Viva Ruiz, “Thank God for Abortion” (2019), photograph (all images courtesy of the individual artists and Downtown for Democracy)

Earlier this month, the first half of Abortion is Normal kicked off at Eva Presenhuber gallery in New York. Bringing together the work of over 50 artists to raise awareness and funding in support of accessible, safe, and legal abortion, the exhibition’s second half opened this past Tuesday at Arsenal Contemporary. Abortion is Normal was curated by Jasmine Wahi and Rebecca Pauline Jampol, and co-organized by Marilyn Minter, Gina Nanni, Laurie Simmons, and Sandy Tait in response to state laws passed restricting abortion and Roe vs. Wade being in jeopardy of being reversed. (Proceeds raised from the show will be donated in support of voter education and advocacy on reproductive rights, as well as Planned Parenthood PAC efforts in the upcoming 2020 elections via Downtown for Democracy.)

Installation view of Abortion is Normal at Arsenal Contemporary (photo by Coke O’Neal)

Featuring artists from a plurality of backgrounds, the exhibition speaks to the vastness of how abortion and bodily autonomy affect so many of us in different ways. “If there’s anything I want people to take away from the exhibition,” Wahi told Hyperallergic, “it’s that there are multiple voices in the conversation, and this conversation really does impact everyone; we all have something at stake.” 

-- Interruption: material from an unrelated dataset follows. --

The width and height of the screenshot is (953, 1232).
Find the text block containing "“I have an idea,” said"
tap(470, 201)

Cindy Sherman, “Untitled” (2019), photograph

The show’s title and mission tap into a larger movement to embrace abortion rights and reproductive justice unapologetically. As author Jenny Brown writes in her 2019 book Without Apology, “It was massive feminist mobilizations, fueled by women publicly discussing what was once secret and stigmatized that won us the abortion rights we have.” Abortion Is Normal features artwork in this justice-minded vein, eschewing the focus on privacy, exceptions, and choice that have dominated the movement for reproductive rights over the last 45 years. Shout Your Abortion, the book and hashtag founded by Amelia Bonow, for example, aims to normalize the procedure through sharing abortion stories, and Viva Ruiz’s “Thank God For Abortion” (2019) subverts religious attacks on reproductive rights with clothing, banners, riot gear, and ornately decorated mannequins emblazoned with religious imagery and the words “Thank God for Abortion” in English and Spanish. A table at the exhibition featured glitter-encrusted t-shirts, buttons, and stickers featuring all three of these slogans for sale to benefit the cause.

Installation view of Abortion is Normal at Eva Presenhuber, featuring Dominique Duroseau’s “Mammy was here: she equally acceptable” (2019) (photo by Coke O’Neal)

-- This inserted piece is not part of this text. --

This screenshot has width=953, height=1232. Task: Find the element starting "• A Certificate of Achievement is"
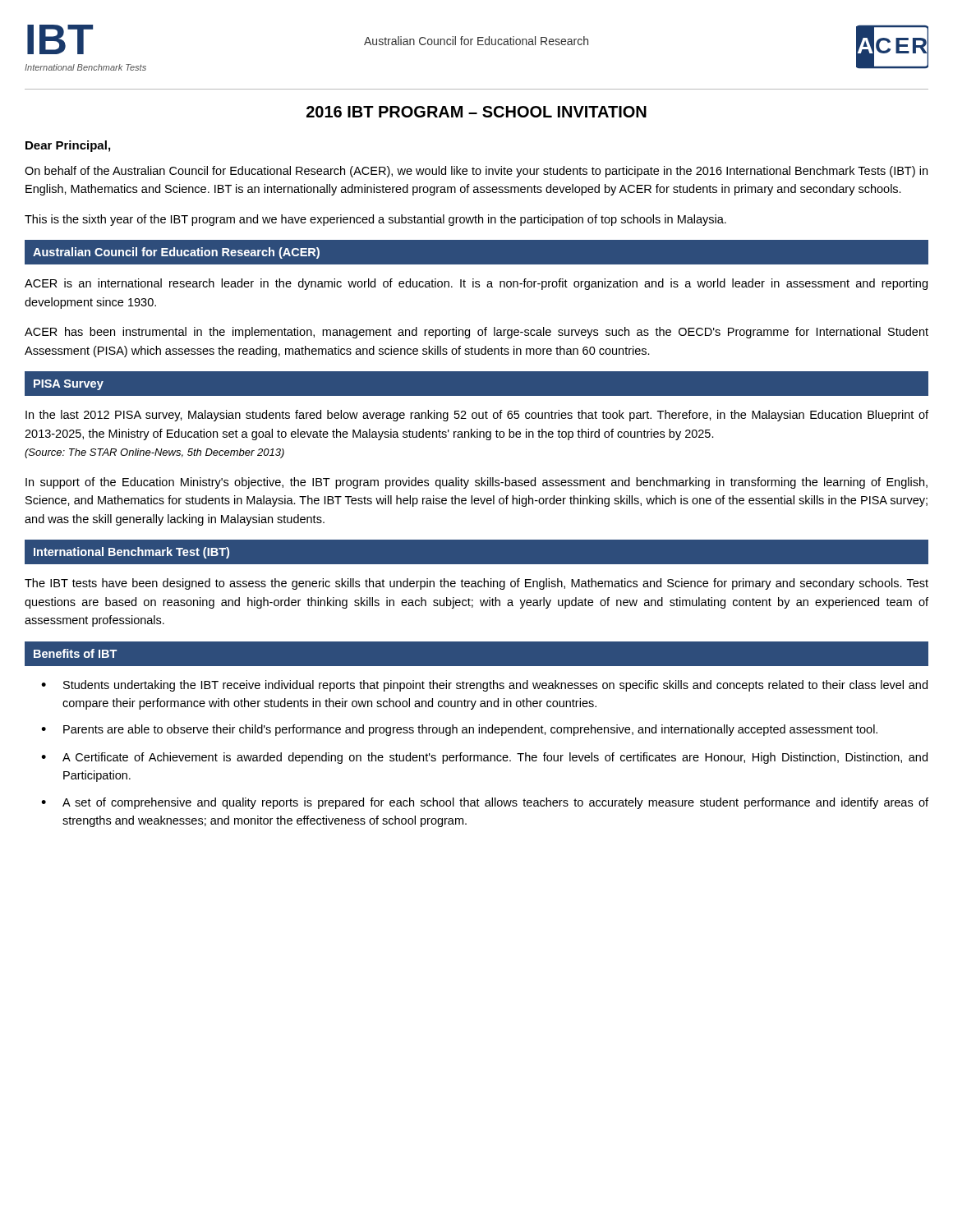pyautogui.click(x=485, y=767)

Each piece in the exhibition contributes to a rich, shame-free counter-narrative to the repressive views on reproductive rights perpetuated by Republicans in power. In Cindy Sherman’s “Untitled” (2019), a pregnant woman stares the viewer dead in the eye as she clutches her stomach, a visceral reminder of how personal the experience of pregnancy is. Grandly towering over the room, Dominique Duroseau’s “Mammy was here: she equally acceptable” (2019) calls attention to racial inequities in reproduction and childcare, rooted in the history of enslavement. Composed of miniature perfume bottles filled with decanted period blood that the artist collected from menstruating people of all genders, Christen Clifford’s installation “I Want Your Blood” (2013–2019) juxtaposes the trappings of traditional feminine desirability with the often hidden (and shamed) bodily experience of menstruation. The blood used in Clifford’s work, as well as in Portia Munson’s “Menstrual Prints” (1993) series also highlights the arbitrary framing of abortion as an ending of life, since each menstrual period involves the shedding of uterine lining, which contains an egg that could have been fertilized and led to pregnancy. 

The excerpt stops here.